DIRECTIONS:
Copy each line below in which the string "disclaimer" appears.

(Records drawn from a dataset)
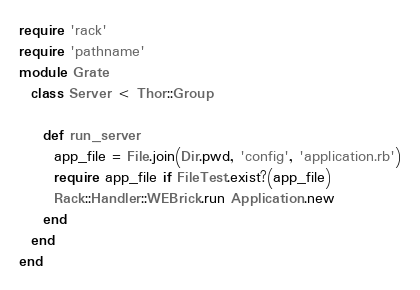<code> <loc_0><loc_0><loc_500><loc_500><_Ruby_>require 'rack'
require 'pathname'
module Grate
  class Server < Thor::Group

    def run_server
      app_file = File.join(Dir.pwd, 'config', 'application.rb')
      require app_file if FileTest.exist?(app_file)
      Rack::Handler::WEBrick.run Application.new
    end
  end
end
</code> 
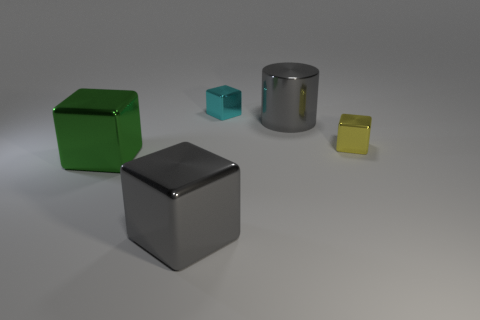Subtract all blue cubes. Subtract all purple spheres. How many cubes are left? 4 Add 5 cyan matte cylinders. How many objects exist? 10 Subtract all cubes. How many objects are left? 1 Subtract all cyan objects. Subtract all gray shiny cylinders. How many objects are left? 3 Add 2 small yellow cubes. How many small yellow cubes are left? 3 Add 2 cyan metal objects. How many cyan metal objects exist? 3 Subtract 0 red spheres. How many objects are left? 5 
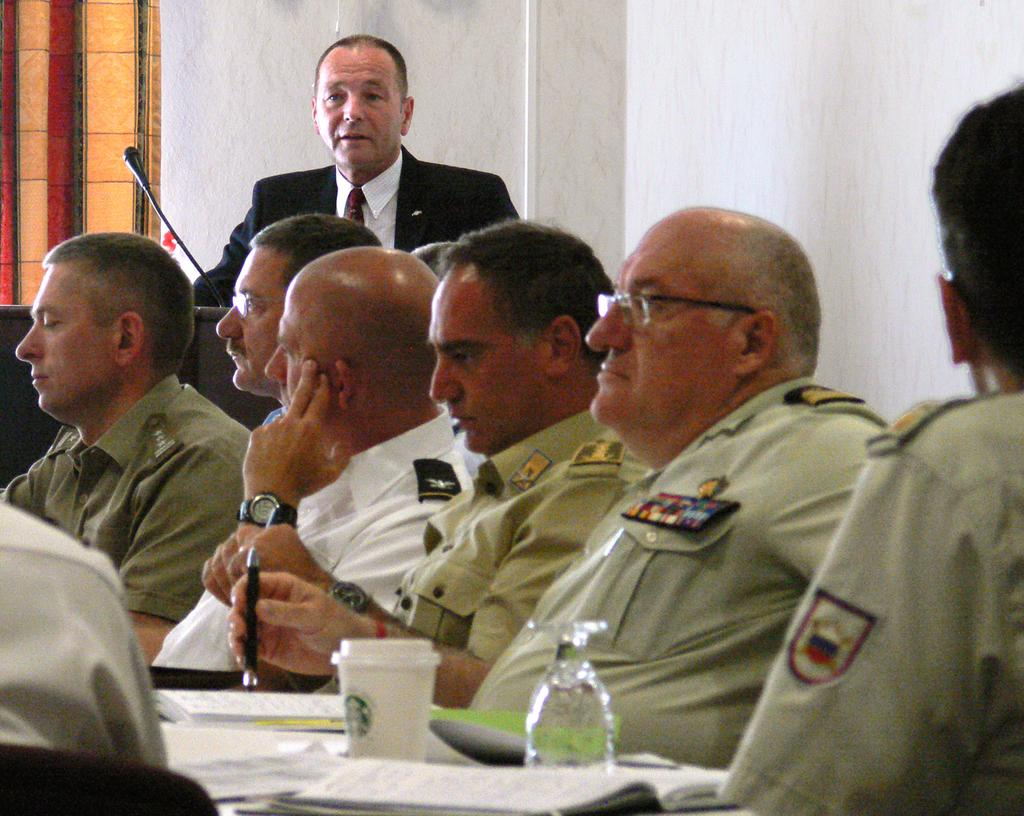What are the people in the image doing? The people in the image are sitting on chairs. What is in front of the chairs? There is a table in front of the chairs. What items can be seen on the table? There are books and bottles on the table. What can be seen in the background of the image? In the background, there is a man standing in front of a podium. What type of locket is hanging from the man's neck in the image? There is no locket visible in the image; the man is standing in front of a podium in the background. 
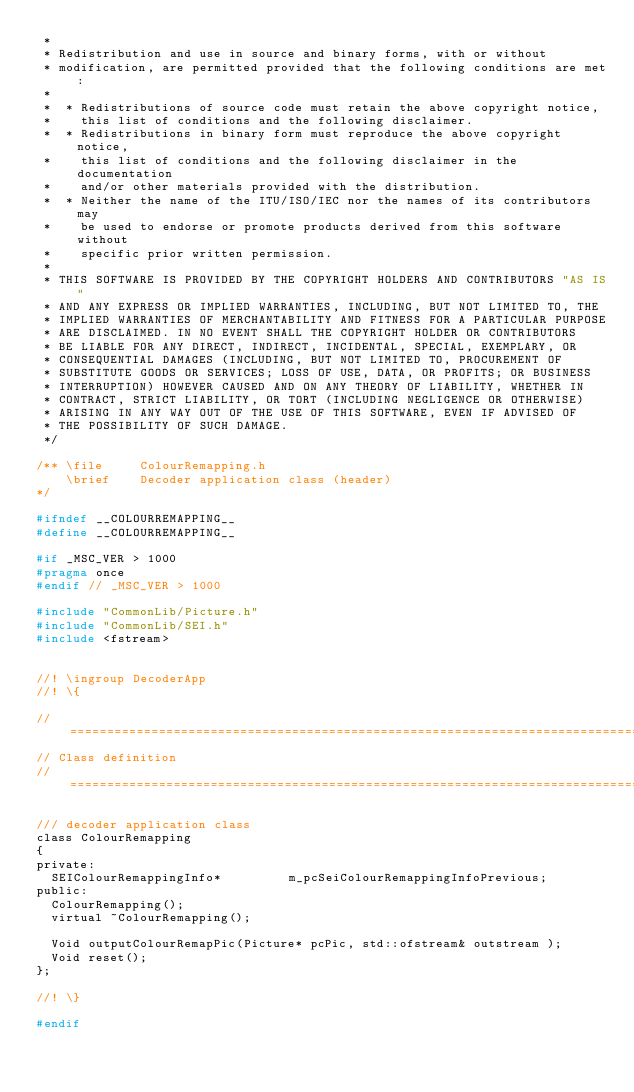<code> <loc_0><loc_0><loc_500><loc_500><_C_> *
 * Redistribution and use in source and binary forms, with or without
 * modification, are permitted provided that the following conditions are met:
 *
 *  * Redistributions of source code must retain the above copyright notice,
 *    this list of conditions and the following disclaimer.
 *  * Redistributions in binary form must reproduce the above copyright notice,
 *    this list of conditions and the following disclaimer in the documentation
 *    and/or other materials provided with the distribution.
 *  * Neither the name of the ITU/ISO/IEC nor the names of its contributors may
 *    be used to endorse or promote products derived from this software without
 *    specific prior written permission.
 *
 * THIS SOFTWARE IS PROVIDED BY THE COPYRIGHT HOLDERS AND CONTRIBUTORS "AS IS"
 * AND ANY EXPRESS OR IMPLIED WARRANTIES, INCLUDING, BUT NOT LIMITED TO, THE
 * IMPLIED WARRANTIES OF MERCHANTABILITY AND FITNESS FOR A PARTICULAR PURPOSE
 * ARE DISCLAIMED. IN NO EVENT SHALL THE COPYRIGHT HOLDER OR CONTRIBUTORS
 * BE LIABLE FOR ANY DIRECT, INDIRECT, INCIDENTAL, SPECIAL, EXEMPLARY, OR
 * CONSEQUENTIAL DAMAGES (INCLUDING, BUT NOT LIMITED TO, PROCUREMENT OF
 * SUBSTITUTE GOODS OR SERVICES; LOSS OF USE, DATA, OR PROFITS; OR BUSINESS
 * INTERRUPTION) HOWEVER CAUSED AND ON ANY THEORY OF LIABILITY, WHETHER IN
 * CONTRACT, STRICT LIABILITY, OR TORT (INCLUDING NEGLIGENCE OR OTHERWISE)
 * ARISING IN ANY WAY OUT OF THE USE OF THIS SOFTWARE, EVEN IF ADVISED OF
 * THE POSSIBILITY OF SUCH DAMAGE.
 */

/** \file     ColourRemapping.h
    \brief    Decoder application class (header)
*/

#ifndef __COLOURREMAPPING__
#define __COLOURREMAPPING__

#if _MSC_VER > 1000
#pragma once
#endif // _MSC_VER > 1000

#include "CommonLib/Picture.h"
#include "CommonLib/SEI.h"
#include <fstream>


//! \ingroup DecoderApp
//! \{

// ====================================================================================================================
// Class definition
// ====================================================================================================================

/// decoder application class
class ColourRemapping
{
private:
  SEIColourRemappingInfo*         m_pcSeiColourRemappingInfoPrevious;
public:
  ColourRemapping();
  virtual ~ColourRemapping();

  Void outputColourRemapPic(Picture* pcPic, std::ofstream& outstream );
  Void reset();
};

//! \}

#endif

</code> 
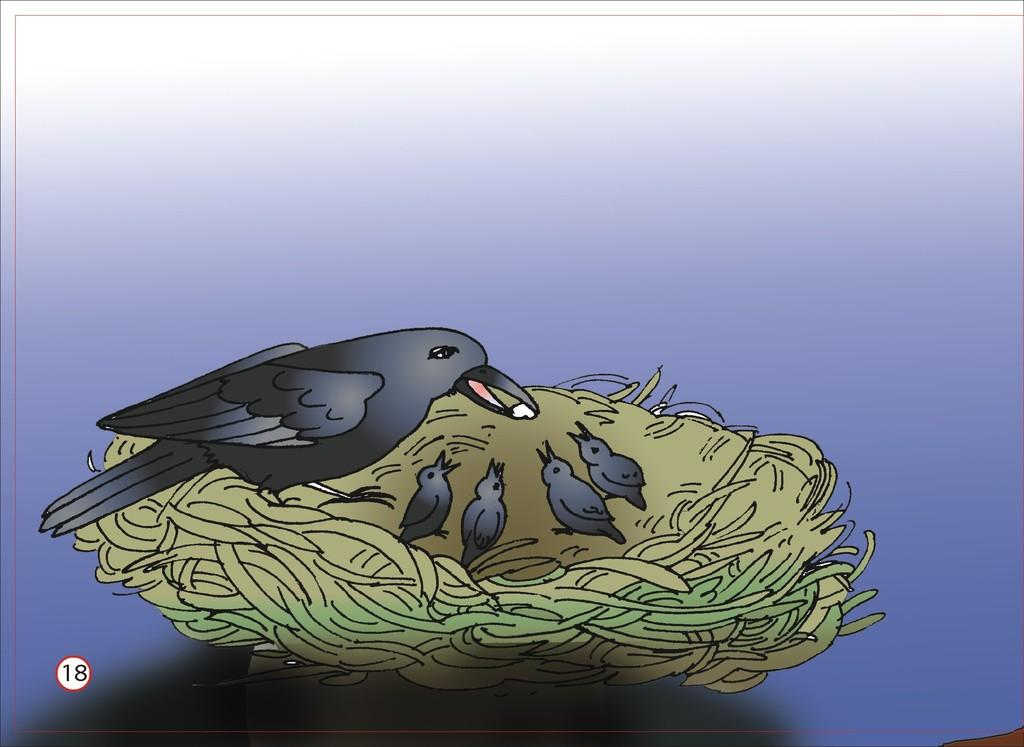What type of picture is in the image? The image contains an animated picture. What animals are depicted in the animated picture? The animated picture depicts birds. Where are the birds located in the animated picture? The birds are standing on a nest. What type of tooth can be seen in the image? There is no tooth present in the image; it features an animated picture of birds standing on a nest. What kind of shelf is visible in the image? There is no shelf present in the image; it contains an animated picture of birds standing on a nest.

RESPONSE TO THIS EXERCISE:
 *    this list of conditions and the following disclaimer.
 *    this list of conditions and the following disclaimer in the documentation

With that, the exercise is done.